European nations have dominated in Olympic competition, but the Brazilian women captured their first World Championship medal in 2013, gold in Serbia. Duda Amorim is the reigning World Player of the Year.
Infostrada’s virtual medal table has Brazil winning five judo medals in 2016, based on recent international results. That would be Brazil’s best medal haul in any sport, if one separates open-water swimming from pool swimming.
Brazil also performed its best in judo in 2012, taking four medals split evenly between men and women. In 2016, Kayla Harrison, the first U.S. Olympic judo gold medalist, could be headed for a showdown with Brazilian Mayra Aguiar, the 2014 World champion.
Brazil owns more sailing gold medals (six) than any other sport. Its most decorated Olympians are also sailors — Robert Scheidt and Torben Grael with five medals each. Scheidt is still active, while Grael is now a coach.
Martine Grael and Kahena Kunze are reigning World champions in the 49er FX and the female Sailors of the Year.
Brazil may be a World Cup power, but of its seven combined Olympic men’s and women’s soccer medals (all since Los Angeles 1984), none are gold.
The most recognizable Brazil Olympians next year may be Barcelona striker Neymar and five-time FIFA World Player of the Year Marta.
Neymar played on the London 2012 silver medal-winning team, and in 2016 would have to be one of a maximum three players on the roster over the age of 23.
There is no such age restriction for the women’s teams. This summer’s World Cup should provide a clear picture of where Marta’s side stands among the world’s elite, such as the U.S.
Swimming (Open Water)
Brazil has never earned an Olympic open-water swimming medal, but only 12 have been awarded. The 10km events were introduced at Beijing 2008.
Brazil’s women took four of the nine medals at the 2013 World Championships. Poliana Okimoto and Ana Marcela Cunha earned two each.
Brazil topped the gold medal standings at the 2014 World Short Course Championships, but that’s deceiving because four of its seven titles came in non-Olympic stroke/relay distances and short course events are held in 25-meter pools. The Olympics are held in 50-meter pools.
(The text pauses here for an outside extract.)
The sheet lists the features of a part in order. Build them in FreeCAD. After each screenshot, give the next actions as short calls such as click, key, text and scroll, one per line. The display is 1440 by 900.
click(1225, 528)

Still, Brazil is looking more and more formidable in men’s sprint events. Cesar Cielo took 50m freestyle gold at the 2008 Olympics and 2009, 2011 and 2013 Worlds. He’s among a deep group that could form a 4x100m free relay that could beat world powers Australia, France and the U.S.
Track and Field
Track and field offers the most medals — 141 — of any sport at the Olympics. Brazil better increase its output over London 2012, where it failed to earn a track and field medal for the first time since 1992.
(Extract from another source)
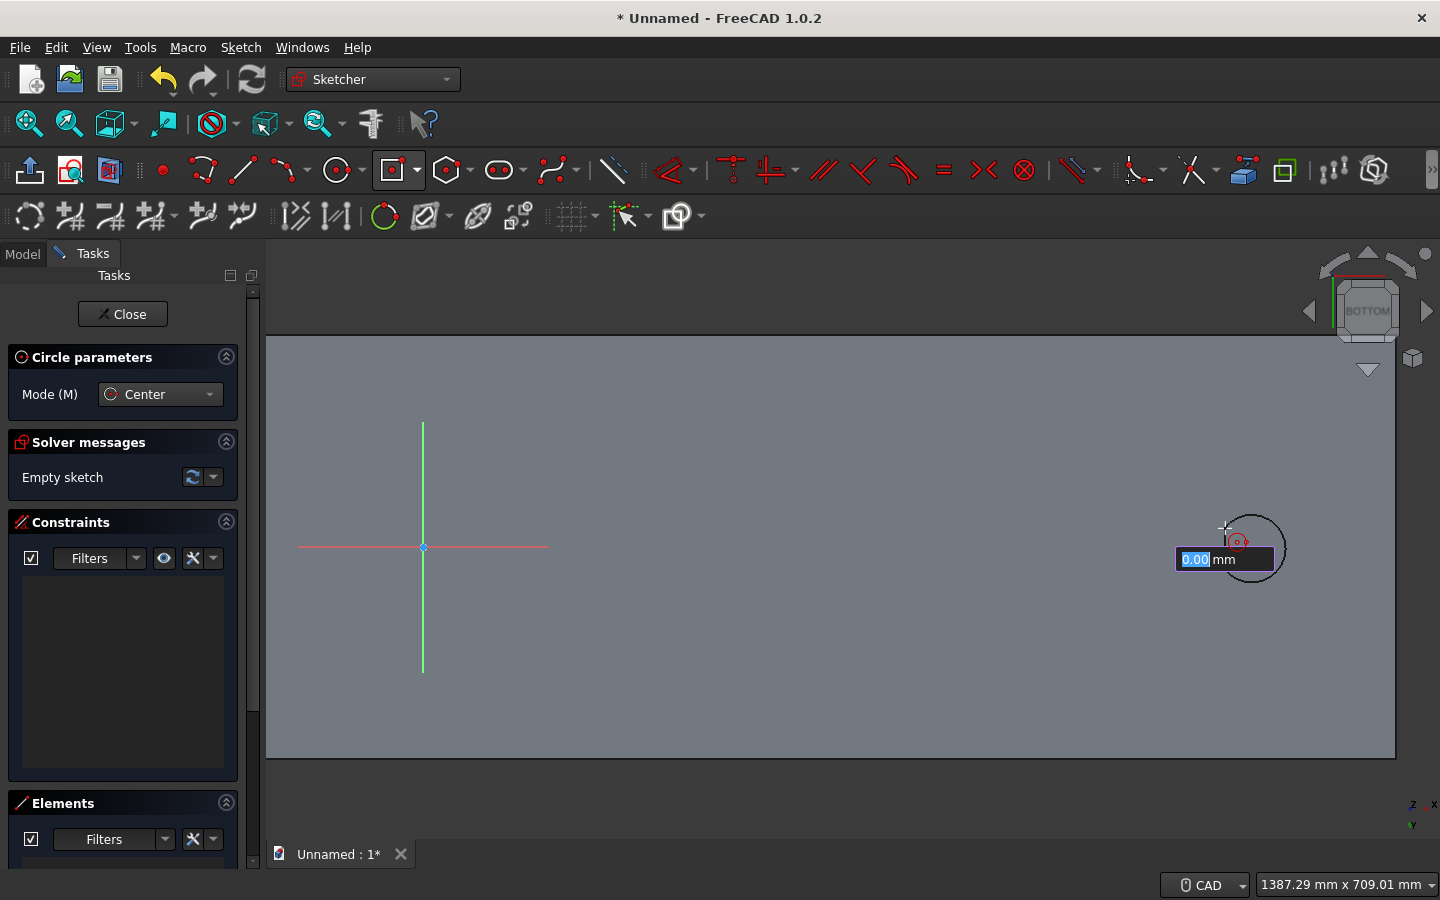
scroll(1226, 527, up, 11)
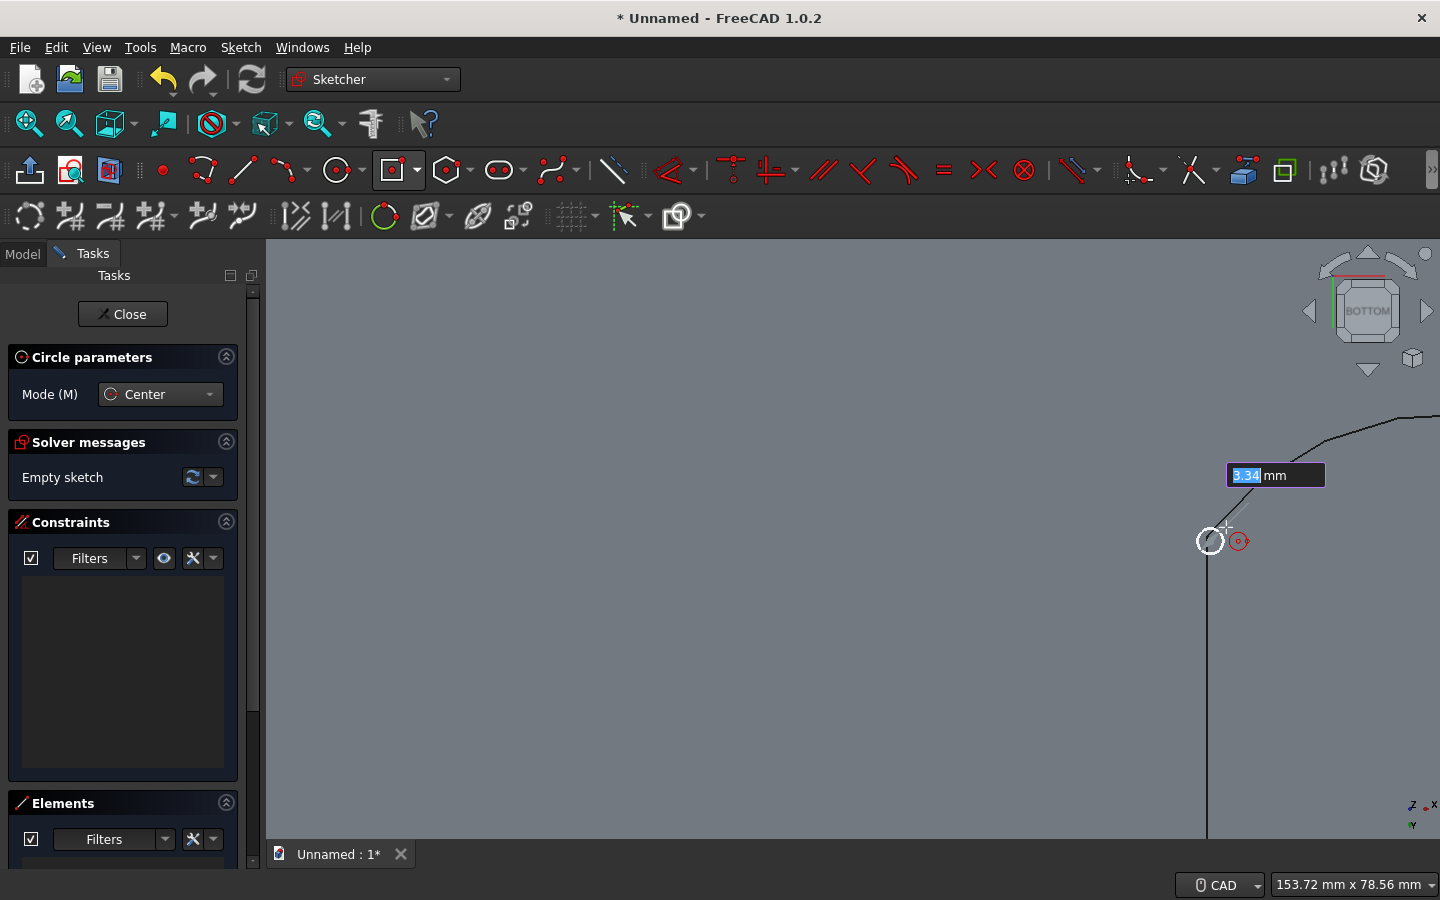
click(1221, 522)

Brazil has medal threats in the women’s pole vault (Fabiana Murer had the three highest clearances in the world in 2014) and men’s long jump (Mauro Vinícius da Silva is the two-time reigning World Indoor champion but hasn’t translated it to outdoor success).
Brazil owns more beach volleyball medals than any other nation, making the podium at every Olympics since the sport was introduced at Atlanta 1996.
Larissa and Talita appear the most formidable opposition to Americans Kerri Walsh Jennings and April Ross, recently prevailing in their first head-to-head in February in Rio de Janeiro.
On the men’s side, Emanuel and Ricardo reunited last summer and could go for a third Olympic medal together in Rio. Emanuel, 42, owns more international victories than any man or woman.
Infostrada has Brazil sweeping the golds at Rio 2016, which would be a major success for the nation. Indoor volleyball tickets have been reported to be the most sought-after of any sport, and the finals tickets are tied for the highest-priced (up to about $400) with basketball, track and field and beach volleyball.
The Brazilian men’s team took gold in 2004 and lost in the gold-medal games in 2008 (to the U.S.) and 2012 (to Russia). It also was stunned by Poland in the 2014 World Championship final.
The women are two-time reigning Olympic champions, but they were upset by the U.S. in a 2014 World Championships semifinal sweep.
Infostrada also has Brazil taking medals in boxing, tennis and wrestling at the Rio Olympics.